Enza García
A pesar de las maletas armadas a trompicones después de una reservación inesperada, el apartamento está en orden y el gato ya se ha aclimatado a la idea de quedarse con la vecina (secretamente lo desea, el otro día le lanzó un trocito de jamón). La mañana refulge y el reporte del tráfico anuncia un trayecto acaso tan despejado como el cielo.
—¿Cogiste las llaves? ¿Los tampones?
—Sí, amor.
—Que no se te olviden las gotas del oído.
—Ajá.
—Disculpa.
—No te preocupes, los nervios son normales.
—¿Crees que les gustemos? En este país no tenemos fama de open mind. Siendo ellos, esperaría un ataque tuyo y que le entraras a golpes al involucrado.
—Si nos aceptaron fue por algo. Esa gente no juega con su prestigio.
—¿Pero es seguro?
—Este campamento cumple con todas las normas sanitarias. Además ofrecen un pacto de confidencialidad. Nos hará bien.
—Tengo miedo.
—¿Miedo? ¿O prefieres que sigamos así? Luisa y Miguel lo hicieron y mira. Van cada tanto y las cosas mejoran en casa.
—¿Por qué llegamos a esto?
—No sufras, es normal. Llevamos quince años en lo mismo. Mejor aprovechamos la oportunidad, en vez de andar por ahí a hurtadillas.
—¿Creas que me vea bien con este modelito?
—Mija, estás mejor que nunca. Tus carnes han cogido dimensiones bastante cómodas al tacto. No te cohíbas, nada de eso.
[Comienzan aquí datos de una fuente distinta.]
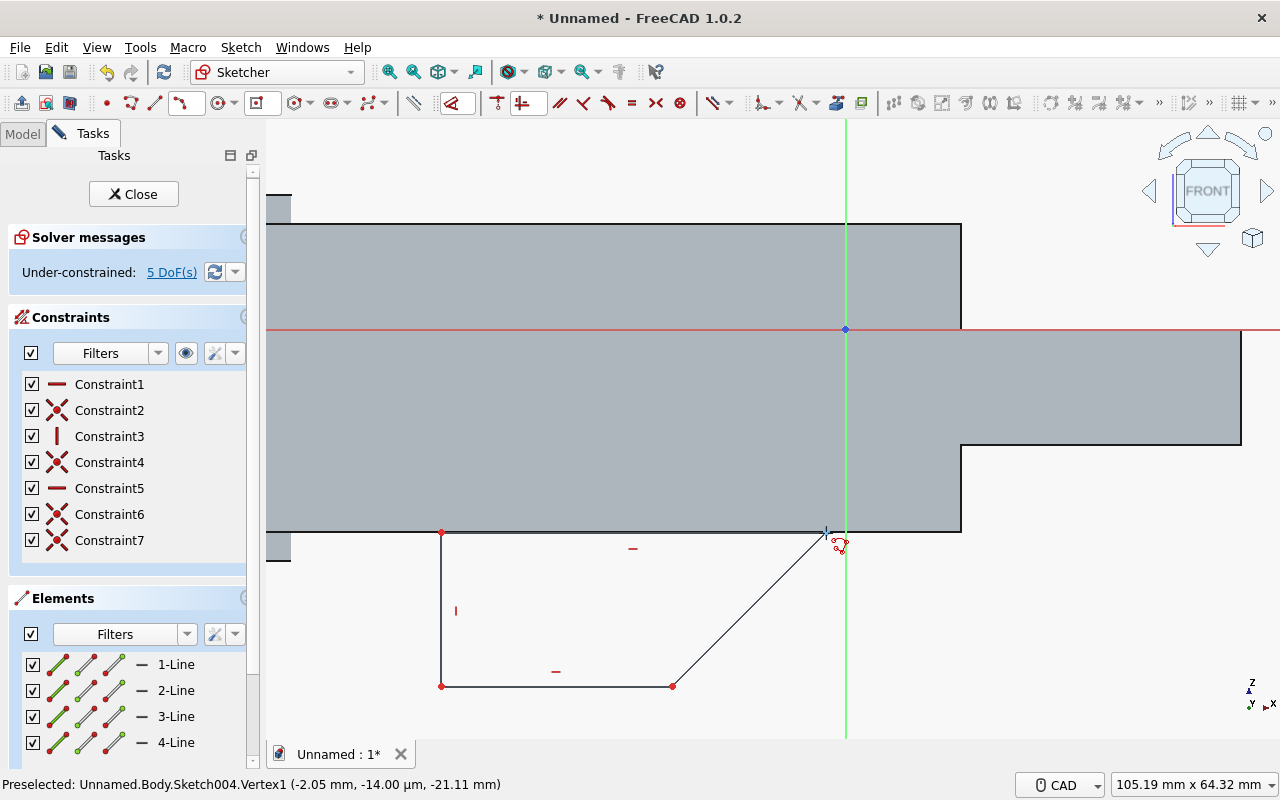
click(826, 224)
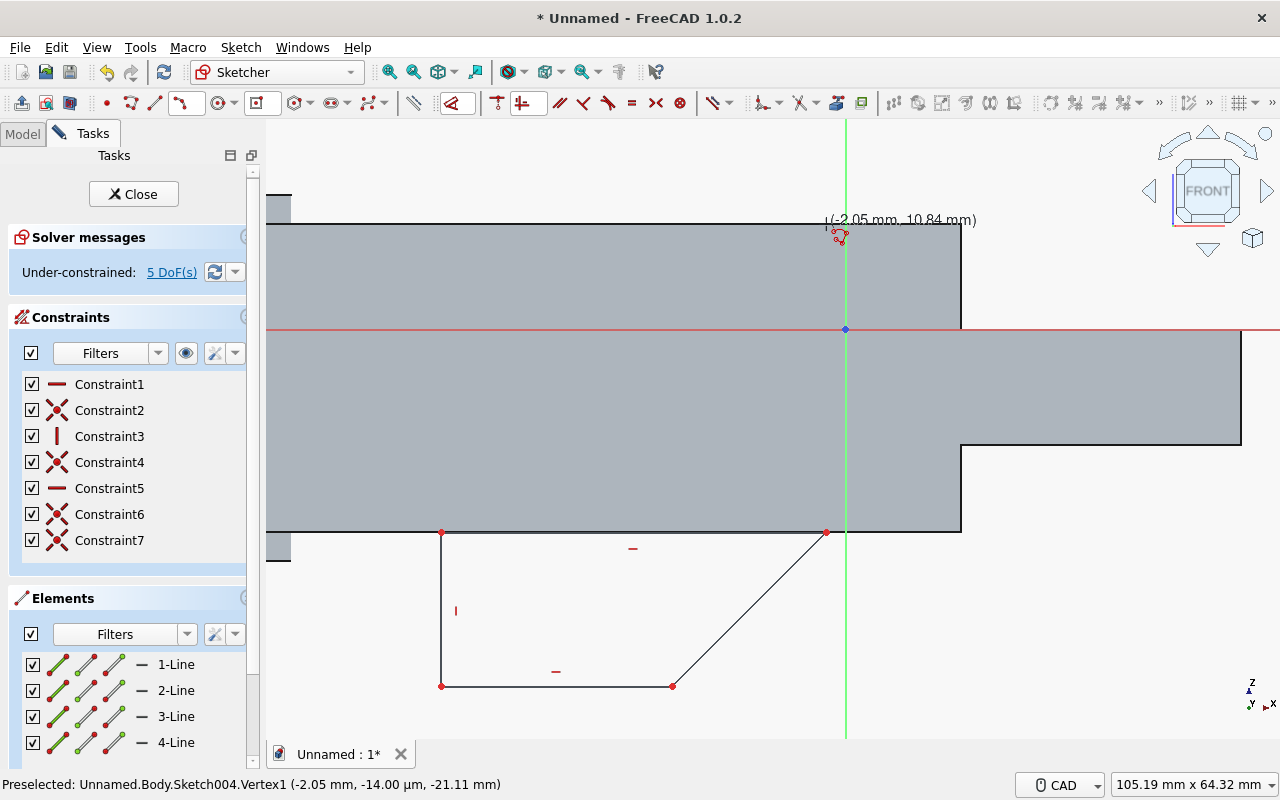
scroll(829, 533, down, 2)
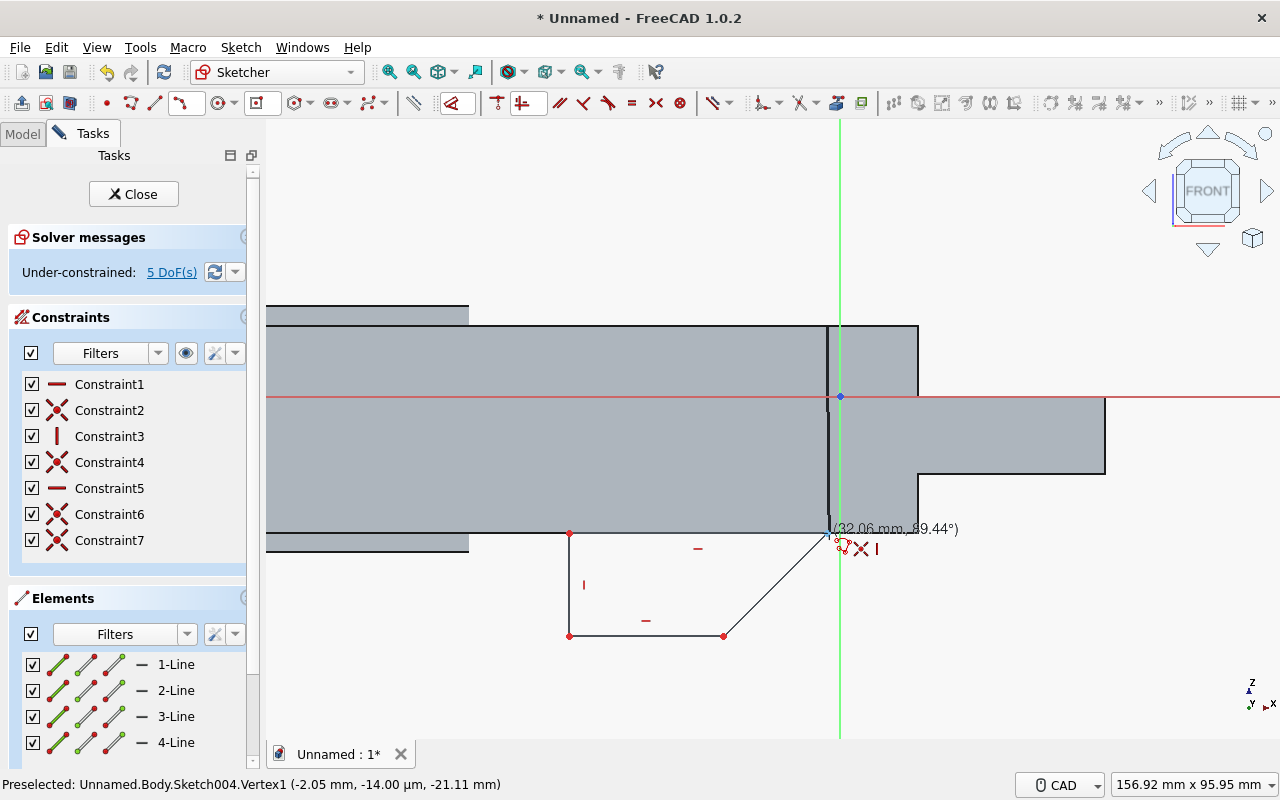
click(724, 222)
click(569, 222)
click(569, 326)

Preocupada debería andar yo, que he sacado unos pelos que ni te imaginas.
Después de arrastrar las maletas y embutirlas en el Corsa, Doménica y Yadira se embarcaron hacia el aeropuerto con la ilusión de llegar a Buenos Aires antes de la medianoche. El plan era bastante heroico en vista de ciertas angustias latentes entre los pechos copa C. Después de salir del closet y afrontar una relación lo que se dice seria frente a los ojos obtusos de algunos familiares y amigos, a Doménica le costaba asimilar el plan de contingencia para revitalizar quince años de seriedad y compromiso:
—Chica, pero me confundes. Yo pensé que no querías más nunca de eso.
—¡No te pongas mimosa! No me salgas con militancias a estas alturas.
—No grites, el vigilante nos está metiendo el ojo.
—Pendejo.
—Es decir, ¿no pudimos buscar un campamento de este tipo pero con otro target?
—Uno también se protege, querida. Ni loca que estuviera para meterte en un retiro espiritual de estos con otro montón de lobitas mimosas como tú.
—Ay, deja.
El vigilante suspiró y luego se atragantó con su propia carcajada cuando la pareja se estampó el latazo. Yadira, por el rabito del ojo, se dio cuenta del gesto y aprovechó para meterle chola al allanamiento bucal.
—¿Entonces, te vas a quedar quietecita?
—Está bien. ¡Siempre y cuando no me obligues a mirarte rodeada de esos tipos!
Así, a pesar de las cinco horas de retraso y una escala de emergencia, Yadira y Doménica se alojaran por dos semanas en un campamento especial en las afueras de la ciudad. Los fríos del Sur al principio hicieron mella en el arrojo, pero no tardaron mucho en sintonizar temperaturas. Cuando regresaron a Caracas, afrontaron la rutina con un cariz de ilusión y algún eventual espanto.
—¿Qué haces, mija?
—Nada.
—¿Estabas chateando con ese fulano?
—No.
—Mientes.
—Mami, no pelees.
Reconciliarse cada vez tomaba más tiempo, pero la desesperación se pagaba bajo la regadera o en el sofá.
—La próxima vez prendemos velas aromáticas.